Luego se vuelve hacia mí.
—No lo pienses tú tampoco. Tápalo con el ruido. Escóndelo.
Escóndelo lo mejor que puedas. —Me ciñe los hombros con las manos y me aprieta tanto que logra ponerme aún más nervioso.
—¿Qué está pasando? —digo.
—¿Viniste atravesando el pueblo? —me pregunta Cillian.
—Claro que vine atravesando el pueblo —le espeto—. ¿Qué otro maldito camino pude haber seguido?
El gesto de Cillian se endurece, pero ello no se debe a que le haya
sentado mal mi contestación, sino al miedo, un miedo que oigo gritar en el ruido. Nadie me reprocha mis malos modos, lo que me hace temer algo terrible. Manchee se ha puesto a ladrar como un loco:
—¡Cillian! ¡Silencio! ¡Maldito! ¡Todd!
Sin embargo, ninguno de nosotros se molesta en hacerlo callar.
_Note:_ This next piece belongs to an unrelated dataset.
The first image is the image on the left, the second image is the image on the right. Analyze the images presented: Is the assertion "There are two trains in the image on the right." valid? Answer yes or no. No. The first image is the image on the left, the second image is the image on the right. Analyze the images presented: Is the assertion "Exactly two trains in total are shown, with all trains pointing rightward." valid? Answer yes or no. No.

Cillian
mira a Ben.
—Ha llegado el momento.
—Lo sé —contesta Ben.
—¿Qué pasa? —pregunto, exaltado—. El momento ¿de qué? —Me doy la
vuelta y los miro a los dos.
Ben y Cillian intercambian una mirada y luego me observan.
—Tienes que marcharte de Prentisstown —afirma Ben.
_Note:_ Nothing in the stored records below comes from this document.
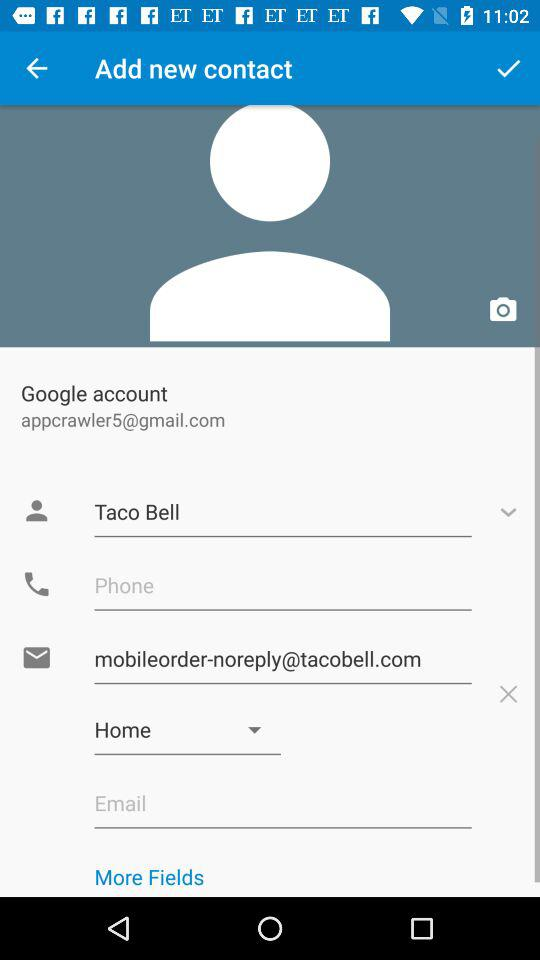What is the name shown on the screen? The name shown on the screen is Taco Bell. 
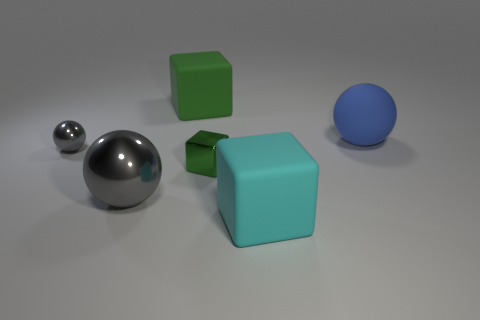There is another large object that is the same shape as the blue matte thing; what color is it?
Your answer should be compact. Gray. The gray thing to the left of the gray metallic thing on the right side of the small metal thing that is to the left of the big green thing is what shape?
Offer a very short reply. Sphere. How big is the thing that is both to the left of the large blue object and behind the small gray ball?
Give a very brief answer. Large. Are there fewer large matte things than large blocks?
Give a very brief answer. No. There is a metal ball that is left of the big shiny object; what is its size?
Your answer should be very brief. Small. What shape is the large rubber thing that is both behind the cyan rubber thing and to the left of the blue matte sphere?
Your response must be concise. Cube. The green shiny thing that is the same shape as the big green rubber object is what size?
Give a very brief answer. Small. How many small cyan spheres are made of the same material as the small green block?
Your response must be concise. 0. There is a tiny metallic block; does it have the same color as the matte object behind the big matte ball?
Provide a short and direct response. Yes. Are there more large yellow blocks than big cyan things?
Offer a terse response. No.

Escudriño las expresiones de ambos, pero su ruido no revela más que una
desazón cuya naturaleza desconozco.
—¿Como que tengo que marcharme de Prentisstown? —inquiero—. En el
Nuevo Mundo no hay otro lugar que no sea Prentisstown.
Vuelven a mirarse entre ellos.
—¡Dejad de miraros de una vez! —protesto.
—Vamos —dice Cillian—. Ya te hemos preparado la mochila.
—¿Ycómo es posible que me hayáis preparado la mochila?
Cillian le dice a Ben:
—Es probable que no tengamos mucho tiempo.
Y Ben le dice a Cillian:
—Puede bajar por el río.
YCillian le dice a Ben:
—Ya sabes lo que eso implica.
Y Ben le dice a Cillian:
—Sí, pero el plan sigue siendo el mismo.
—¡Qué puñetas está ocurriendo! —rujo, pero claro que no he dicho
«puñetas», sino algo peor; entiendo que, dadas las circunstancias, las
palabras malsonantes son las más apropiadas—. ¡Y qué puñetas es ese
plan!
Pese a ello, no se alteran.
Ben baja la voz, y comprendo que trata de poner un poco de orden en su
ruido.
—Es muy, muy importante que borres de tu ruido lo que sea que haya
ocurrido en la ciénaga, ¿comprendes? —dice.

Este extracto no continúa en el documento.